Published 12/15/2021, 03:12 PM
Updated 12/15/2021, 03:56 PM
© Reuters. FILE PHOTO: The remains of a Tesla vehicle are seen after it crashed in The Woodlands, Texas, April 17, 2021, in this still image from video obtained via social media. Video taken April 17, 2021. SCOTT J. ENGLE via REUTERS /File Photo

By David Shepardson

WASHINGTON (Reuters) -President Joe Biden's nominee to serve as the top auto safety regulator will vow to address the massive increase in U.S. road deaths, according to congressional testimony seen by Reuters.

Steven Cliff, who was tapped to head the National Highway Traffic Safety Administration (NHTSA), will tell a Senate panel Thursday the United States has "seen an unprecedented rise in roadway fatalities. I am committed to turning this around."

He will add the U.S. must learn "how to change a culture that accepts the loss of tens of thousands of people in roadway crashes as inevitable."

U.S. traffic deaths soared by 18.4% https://www.reuters.com/world/us/us-traffic-deaths-soar-184-first-half-2021-20160-2021-10-28 in the first six months of 2021 compared to the same period a year earlier, representing the most deadly first half of a year on American roads since 2006, NHTSA said.
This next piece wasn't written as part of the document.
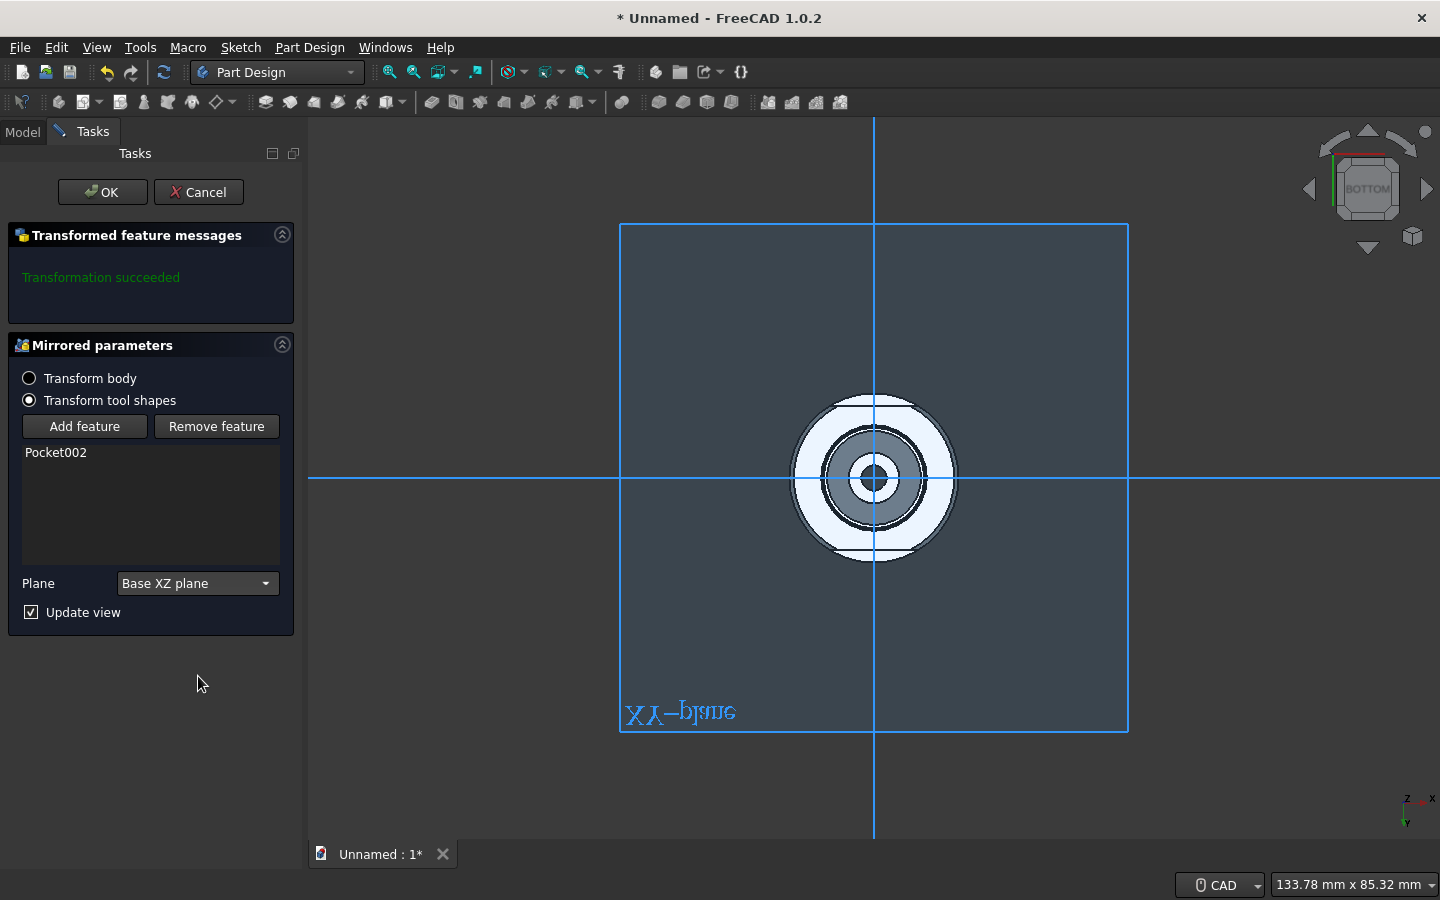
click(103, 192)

It was the largest six-month increase recorded since the current tracing system has been in use since 1975.

Cliff, a former California Air Resources Board official who since February has served as NHTSA's deputy administrator.

Cliff said a new infrastructure bill increases NHTSA’s budget by 50% and "will improve our understanding of where and how crashes happen by improving data quality and expanding electronic reporting to move from paper-based data collection systems to digital systems."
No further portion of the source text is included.